Now together, may we pray? Our Lord, at this Thanksgiving season, with how many words could we multiply the depths of our gratitude to Thee. O God, what would I give for my eyes? If a man were to offer to me millions of dollars for my eyes, I wouldn’t take it. I am rich having my eyes. Lord, what would I give for my health? I am rich in God’s strength bestowed upon me. Lord, Lord, I can walk, I can use my hands, I have my mind, I can think. Great God in heaven, how indebted I am to Thee! And Lord, what a fellowship, what a heavenly divine companionship with these dear people here. When I’m alone, there is Jesus my Lord; when I come to church, here are God’s sainted people singing the praises of the Lord, reading out of His blessed Word promises that never fail. And then when that day comes, heaven’s door is open by those nail-pierced hands of our wonderful Savior [John 14:3]. And there He stands inviting us into the glory of the life that is yet to come [2 Peter 3:18]. O God, in how many abounding ways are we grateful and thankful to Thee this Lord’s day!
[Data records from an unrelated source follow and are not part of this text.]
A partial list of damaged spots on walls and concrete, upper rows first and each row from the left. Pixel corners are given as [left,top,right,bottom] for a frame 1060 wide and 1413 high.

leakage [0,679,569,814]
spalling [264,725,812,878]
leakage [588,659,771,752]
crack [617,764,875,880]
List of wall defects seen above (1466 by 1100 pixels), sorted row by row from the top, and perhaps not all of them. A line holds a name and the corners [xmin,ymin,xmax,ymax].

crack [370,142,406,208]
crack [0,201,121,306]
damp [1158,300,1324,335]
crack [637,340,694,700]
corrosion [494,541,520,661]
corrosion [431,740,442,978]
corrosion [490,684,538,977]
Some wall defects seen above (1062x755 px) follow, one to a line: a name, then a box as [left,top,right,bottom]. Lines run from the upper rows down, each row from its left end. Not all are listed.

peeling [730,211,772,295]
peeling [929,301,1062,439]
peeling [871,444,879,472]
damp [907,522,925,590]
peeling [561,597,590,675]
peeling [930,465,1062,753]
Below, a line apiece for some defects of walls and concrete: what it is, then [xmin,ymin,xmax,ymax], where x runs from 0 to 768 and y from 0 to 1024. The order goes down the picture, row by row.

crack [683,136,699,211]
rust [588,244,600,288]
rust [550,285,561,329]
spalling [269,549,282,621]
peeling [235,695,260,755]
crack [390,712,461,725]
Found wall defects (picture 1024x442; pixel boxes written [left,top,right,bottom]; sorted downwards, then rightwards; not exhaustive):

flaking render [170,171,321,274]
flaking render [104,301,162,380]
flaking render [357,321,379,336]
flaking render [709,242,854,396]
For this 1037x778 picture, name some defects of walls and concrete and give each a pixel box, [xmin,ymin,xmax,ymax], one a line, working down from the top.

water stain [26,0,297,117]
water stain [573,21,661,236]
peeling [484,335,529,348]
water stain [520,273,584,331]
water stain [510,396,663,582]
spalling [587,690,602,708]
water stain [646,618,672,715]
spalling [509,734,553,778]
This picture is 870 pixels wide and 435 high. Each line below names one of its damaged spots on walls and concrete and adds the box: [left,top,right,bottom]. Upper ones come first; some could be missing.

And our Savior, we ask that a like heart, overflowing with thanksgiving to God, be in the souls and lives of all in divine presence. And our Lord, for those who have never accepted Thee as Savior, that today be that day of salvation [2 Corinthians 6:2]; for these who seek a church home in the fellowship of God’s sainted people, that they find a family loving them and Thee here with us [Hebrews 10:24-25]; and that God’s will this day may be done in every heart. God bless this appeal, in Thy precious and saving name, amen.
Now while we stand and sing our song, to give your heart to the Lord [Romans 10:8-13], to come into the fellowship of the church [Hebrews 10:24-25], to answer the call of the Spirit in your heart, on the first note of the first stanza, come, while we sing our song of appeal.